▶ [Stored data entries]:
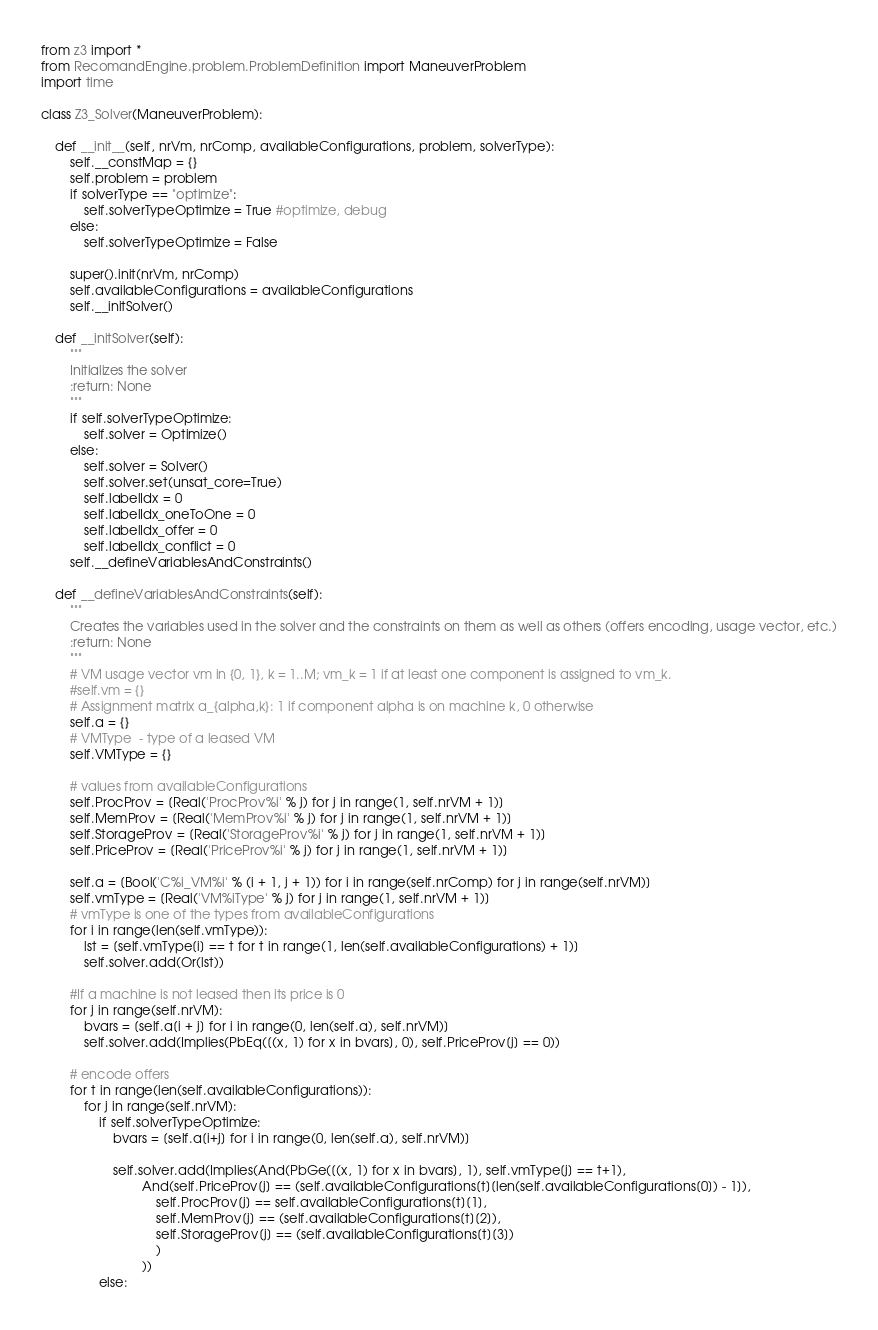<code> <loc_0><loc_0><loc_500><loc_500><_Python_>from z3 import *
from RecomandEngine.problem.ProblemDefinition import ManeuverProblem
import time

class Z3_Solver(ManeuverProblem):

    def __init__(self, nrVm, nrComp, availableConfigurations, problem, solverType):
        self.__constMap = {}
        self.problem = problem
        if solverType == "optimize":
            self.solverTypeOptimize = True #optimize, debug
        else:
            self.solverTypeOptimize = False

        super().init(nrVm, nrComp)
        self.availableConfigurations = availableConfigurations
        self.__initSolver()

    def __initSolver(self):
        """
        Initializes the solver
        :return: None
        """
        if self.solverTypeOptimize:
            self.solver = Optimize()
        else:
            self.solver = Solver()
            self.solver.set(unsat_core=True)
            self.labelIdx = 0
            self.labelIdx_oneToOne = 0
            self.labelIdx_offer = 0
            self.labelIdx_conflict = 0
        self.__defineVariablesAndConstraints()

    def __defineVariablesAndConstraints(self):
        """
        Creates the variables used in the solver and the constraints on them as well as others (offers encoding, usage vector, etc.)
        :return: None
        """
        # VM usage vector vm in {0, 1}, k = 1..M; vm_k = 1 if at least one component is assigned to vm_k.
        #self.vm = {}
        # Assignment matrix a_{alpha,k}: 1 if component alpha is on machine k, 0 otherwise
        self.a = {}
        # VMType  - type of a leased VM
        self.VMType = {}

        # values from availableConfigurations
        self.ProcProv = [Real('ProcProv%i' % j) for j in range(1, self.nrVM + 1)]
        self.MemProv = [Real('MemProv%i' % j) for j in range(1, self.nrVM + 1)]
        self.StorageProv = [Real('StorageProv%i' % j) for j in range(1, self.nrVM + 1)]
        self.PriceProv = [Real('PriceProv%i' % j) for j in range(1, self.nrVM + 1)]

        self.a = [Bool('C%i_VM%i' % (i + 1, j + 1)) for i in range(self.nrComp) for j in range(self.nrVM)]
        self.vmType = [Real('VM%iType' % j) for j in range(1, self.nrVM + 1)]
        # vmType is one of the types from availableConfigurations
        for i in range(len(self.vmType)):
            lst = [self.vmType[i] == t for t in range(1, len(self.availableConfigurations) + 1)]
            self.solver.add(Or(lst))

        #If a machine is not leased then its price is 0
        for j in range(self.nrVM):
            bvars = [self.a[i + j] for i in range(0, len(self.a), self.nrVM)]
            self.solver.add(Implies(PbEq([(x, 1) for x in bvars], 0), self.PriceProv[j] == 0))

        # encode offers
        for t in range(len(self.availableConfigurations)):
            for j in range(self.nrVM):
                if self.solverTypeOptimize:
                    bvars = [self.a[i+j] for i in range(0, len(self.a), self.nrVM)]

                    self.solver.add(Implies(And(PbGe([(x, 1) for x in bvars], 1), self.vmType[j] == t+1),
                            And(self.PriceProv[j] == (self.availableConfigurations[t][len(self.availableConfigurations[0]) - 1]),
                                self.ProcProv[j] == self.availableConfigurations[t][1],
                                self.MemProv[j] == (self.availableConfigurations[t][2]),
                                self.StorageProv[j] == (self.availableConfigurations[t][3])
                                )
                            ))
                else:</code> 
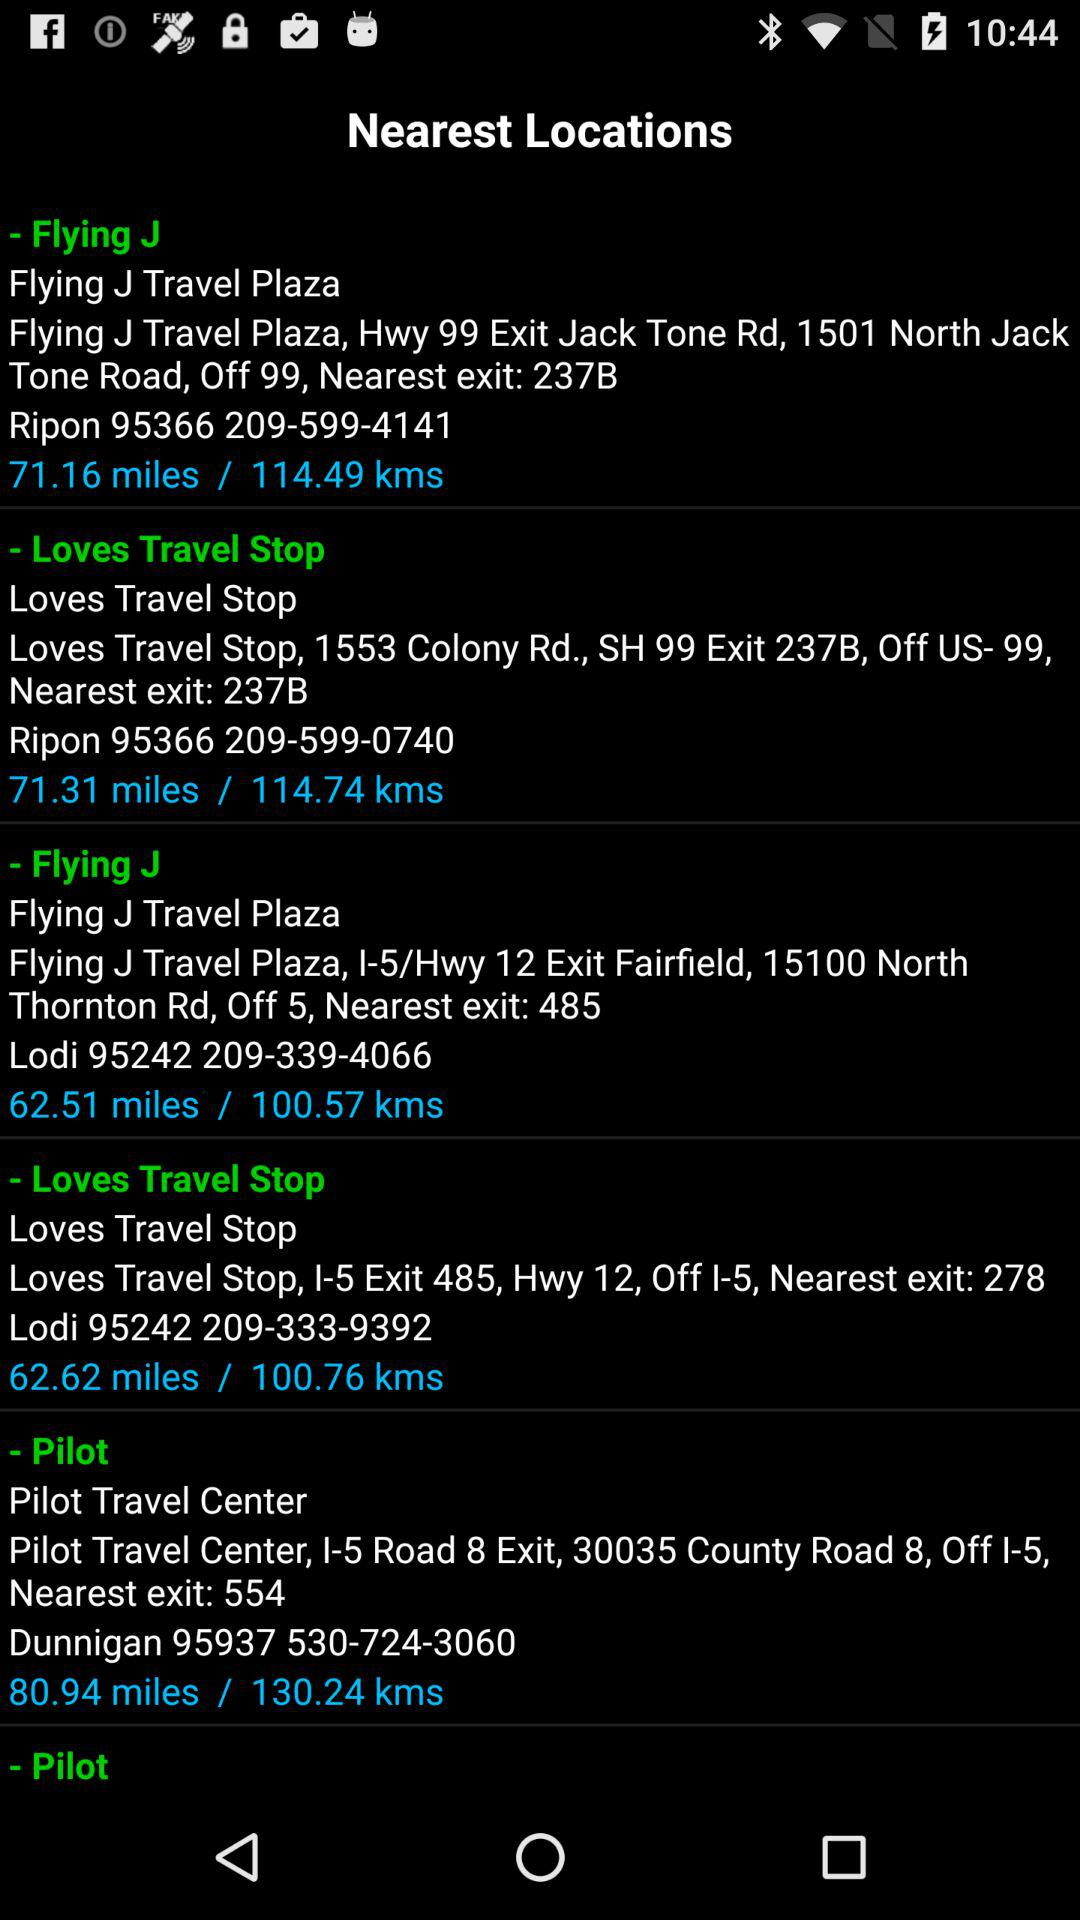What is the nearest exit of the "Flying J" which is 71.16 miles away? The nearest exit is 237B. 
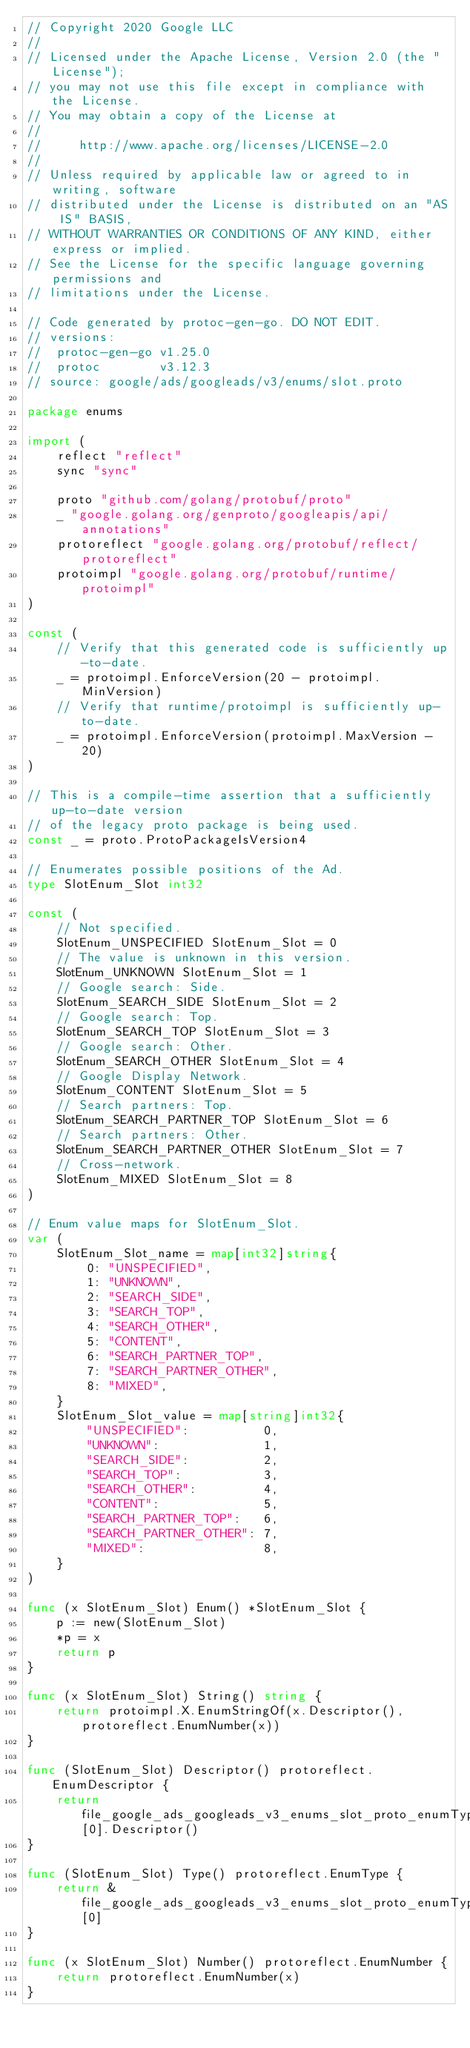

▶ [Task to carry out]: Wherever the string "component" appears in a line of the records, copy that line.

▶ [Answer]:
        # VM usage vector vm in {0, 1}, k = 1..M; vm_k = 1 if at least one component is assigned to vm_k.
        # Assignment matrix a_{alpha,k}: 1 if component alpha is on machine k, 0 otherwise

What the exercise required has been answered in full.